"Thoroughly Master C Pointers" Part 3 -- Pointers and Array Names

1. Accessing Array Elements via Array Name

Consider the following code:

int i,a[]={3,4,5,6,7,3,7,4,4,6};
for (i=0;i<=9;i++)
{
   printf ( “%d”, a[i] );
}

Clearly, this displays the values of each element in array a.

We can also access elements like this:

int i,a[]={3,4,5,6,7,3,7,4,4,6};
for (i=0;i<=9;i++)
{
   printf ( “%d”,  *(a+i) );
}

Its result and effect are exactly the same.

2. Accessing Array Elements via Pointers

int i,*pa,a[]={3,4,5,6,7,3,7,4,4,6};
pa =a  ;// Note that array name 'a' is directly assigned to pointer 'pa'
for (i=0;i<=9;i++)
{
   printf ( “%d”, pa[i] );
}

Clearly, this also displays the values of each element in array a.

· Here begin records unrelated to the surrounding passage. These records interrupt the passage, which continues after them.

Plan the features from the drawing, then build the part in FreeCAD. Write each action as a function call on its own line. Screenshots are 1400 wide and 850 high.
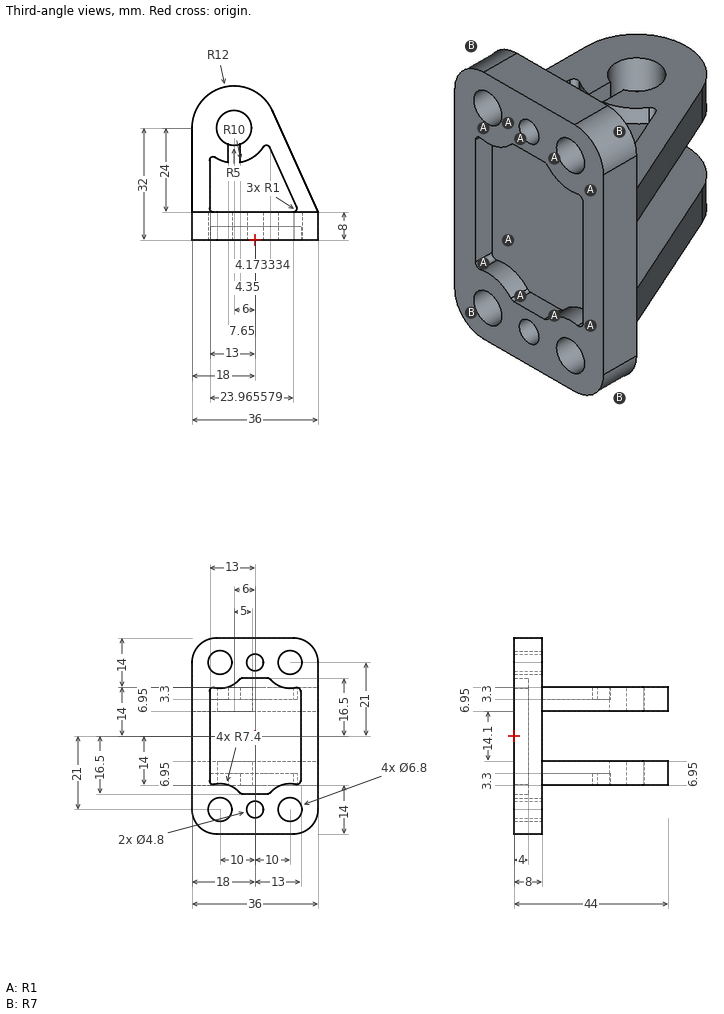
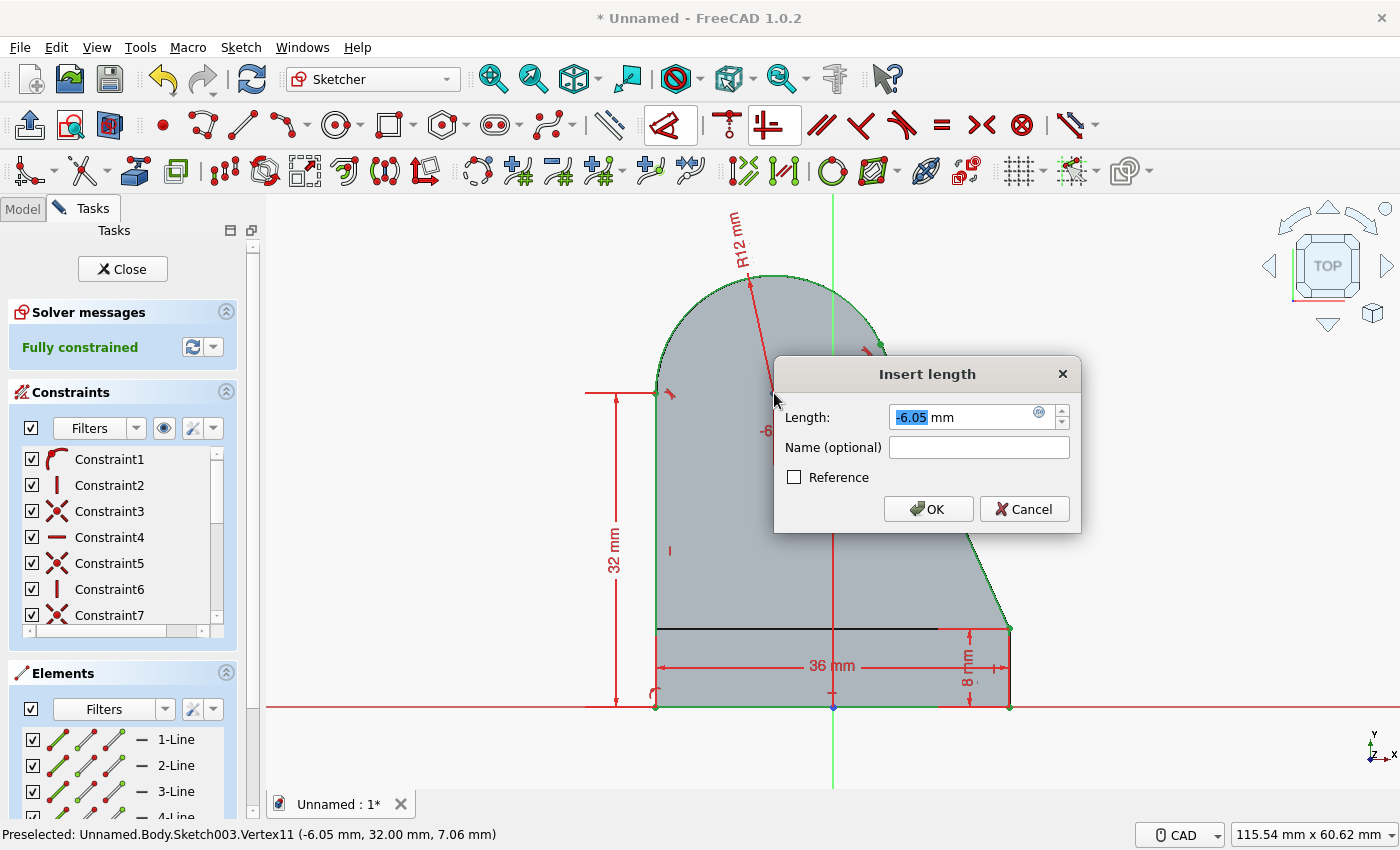
text(-6)
key(Return)
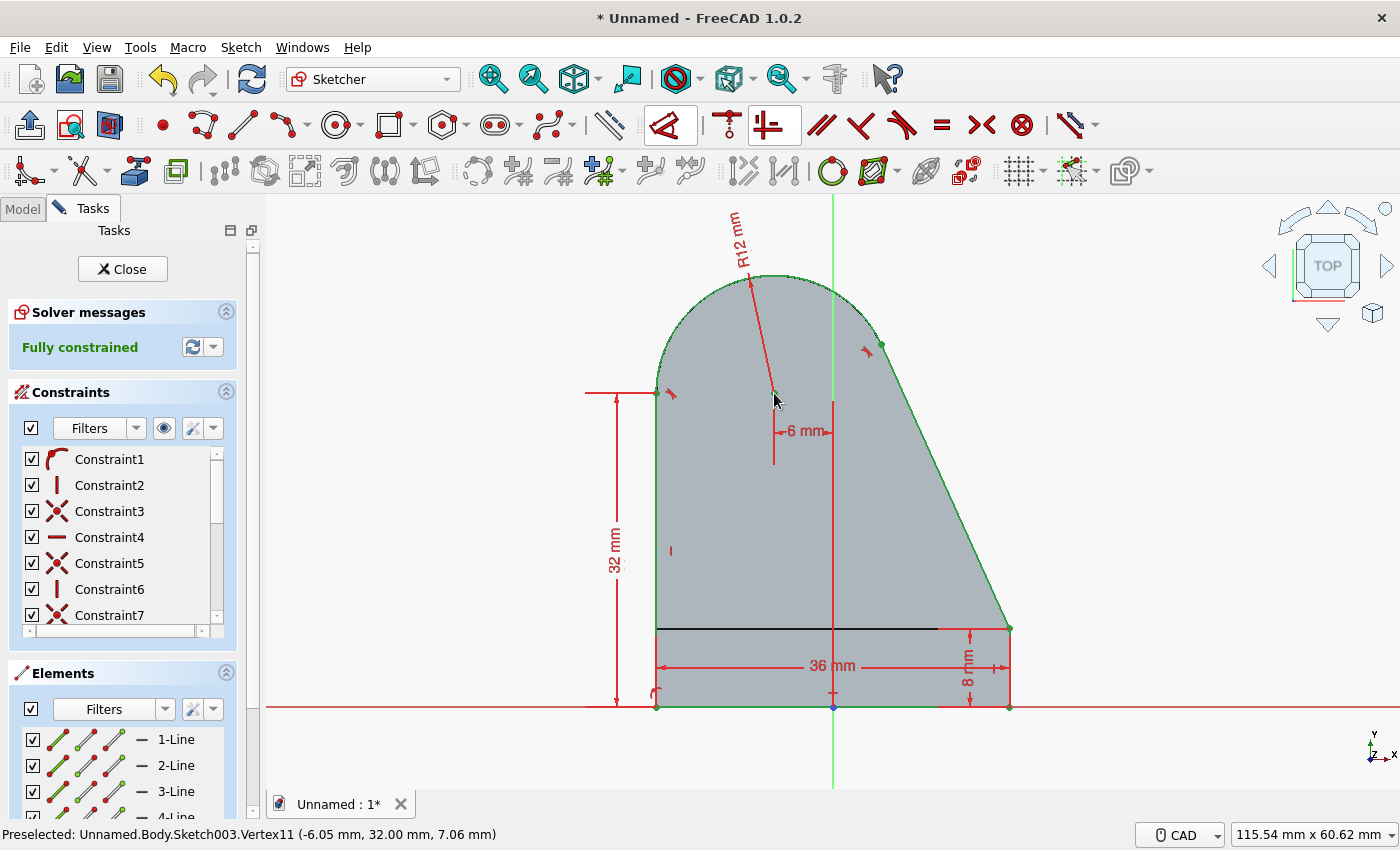
click(123, 269)
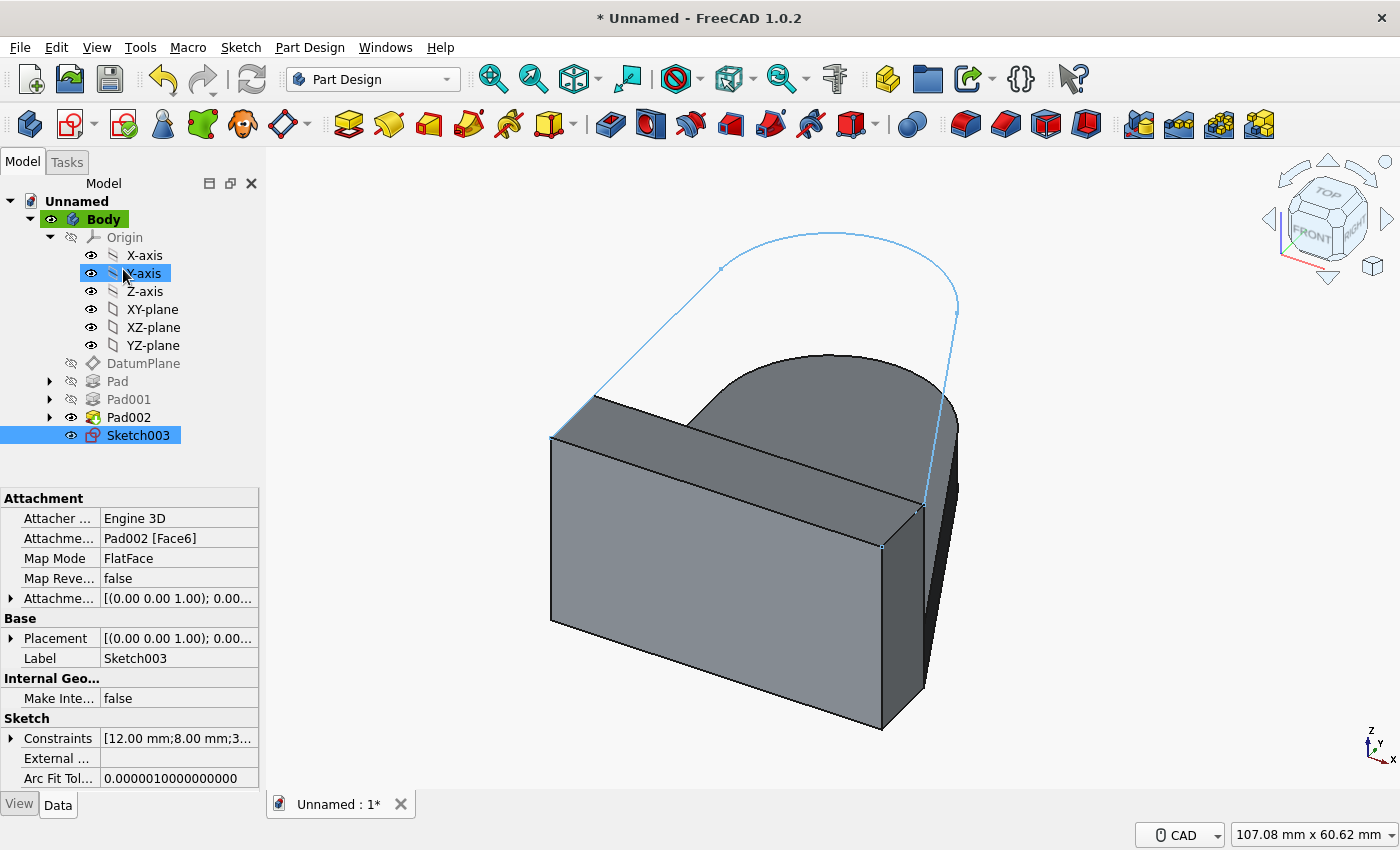
click(350, 124)

Additionally, similar to using the array name, it can also be done as follows:

int i,*pa,a[]={3,4,5,6,7,3,7,4,4,6};
pa =a;
for (i=0;i<=9;i++)
{
   printf ( “%d”, *(pa+i) );
}

Looking at pa=a (assigning the array name to a pointer) and the forms of accessing elements via array name and pointer, there seems to be no difference. From this, it appears that an array name is essentially a pointer. Are there really no differences? Yes, please continue.

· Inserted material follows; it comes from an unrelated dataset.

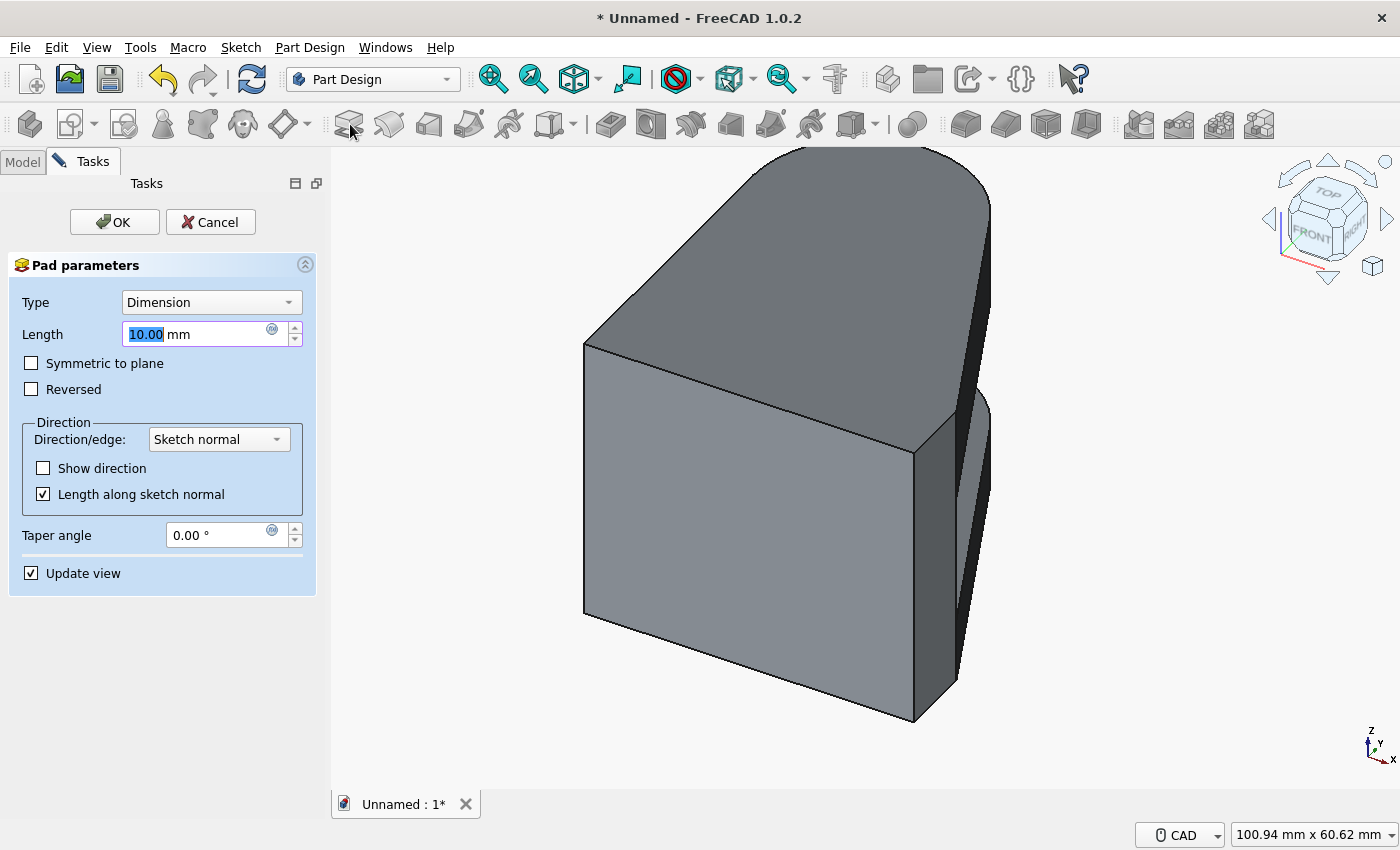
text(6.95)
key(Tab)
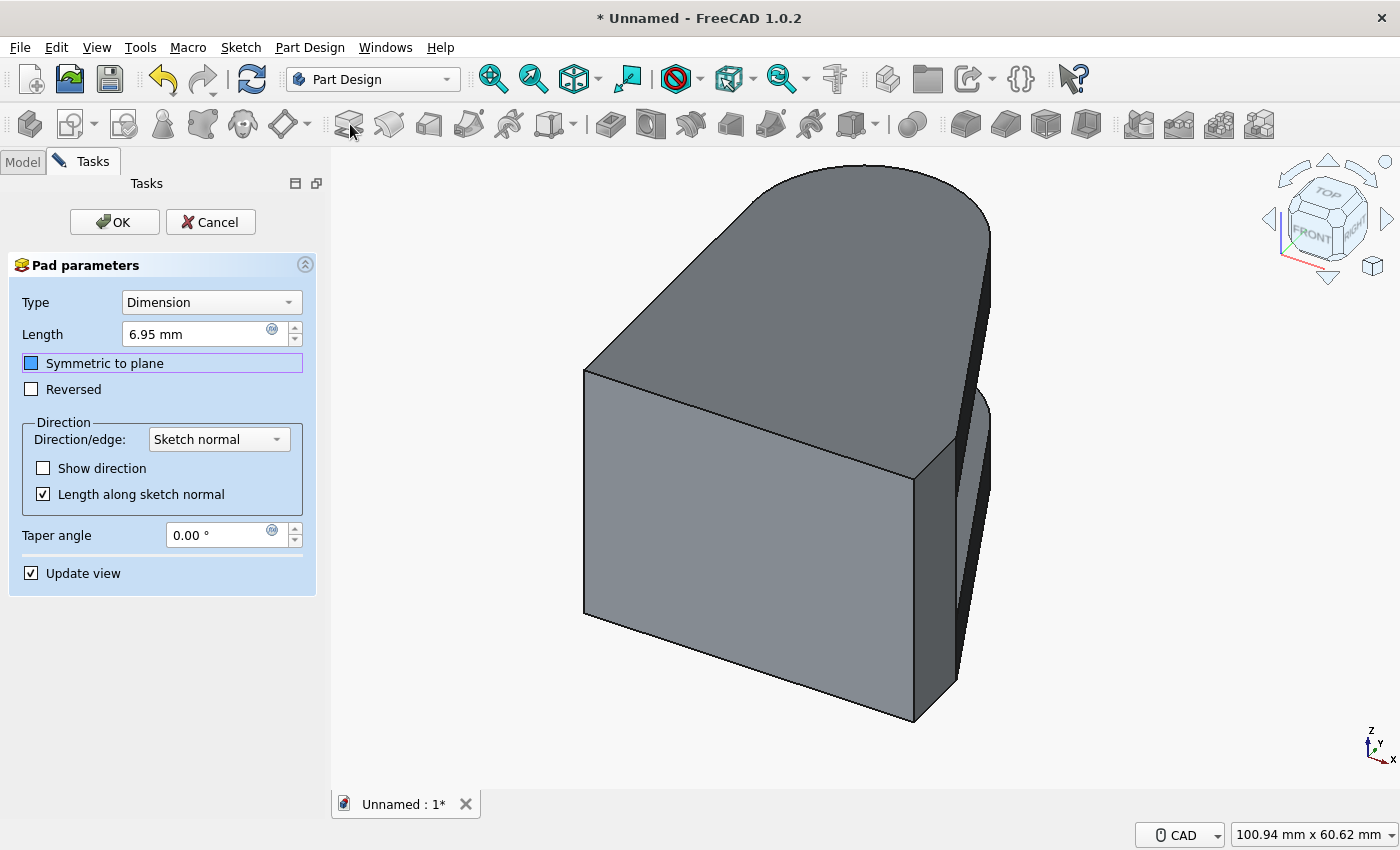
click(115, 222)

3. Differences Between Array Names and Pointer Variables Consider the following code:

int i,*pa,a[]={3,4,5,6,7,3,7,4,4,6};
pa =a;
for (i=0;i<=9;i++)
{
   printf ( “%d”, *pa );
    pa++ ;  // Note here, the pointer value is modified
}

It can be seen that this code also outputs the values of each array element. However, try changing pa to a inside the {}. You will find that the program fails to compile. It seems pointers and array names are still different. In fact, the pointer above is a pointer variable, while an array name is merely a pointer constant. The difference between this code and the previous ones is that the value of pointer pa continuously increments throughout the loop; that is, the pointer's value is modified. An array name is a pointer constant, and its value cannot be modified, so operations like a++ are not allowed. In the previous sections (referring to pa[i] and *(pa+i)), the value of pointer pa remained unchanged. Therefore, the pointer variable pa and the array name a can be interchanged in those contexts.

4. Declaring Pointer Constants Now consider the following code:

int i, a[]={3,4,5,6,7,3,7,4,4,6};
int * const pa=a;// Note the position of const: it's not const int * pa,
for (i=0;i<=9;i++)
{
   printf ( “%d”, *pa );
    pa++ ;  // Note here, the pointer value is modified
}

Will this code compile successfully? No. Because the pointer pa has been defined as a constant pointer. At this point, there is no difference from the array name a. This further illustrates that an array name is a constant pointer. However...

int * const a={3,4,5,6,7,3,7,4,4,6};// Not allowed
int a[]={3,4,5,6,7,3,7,4,4,6};// Allowed, so arrays must be initialized this way.

All the above experiments were conducted on VC6.0.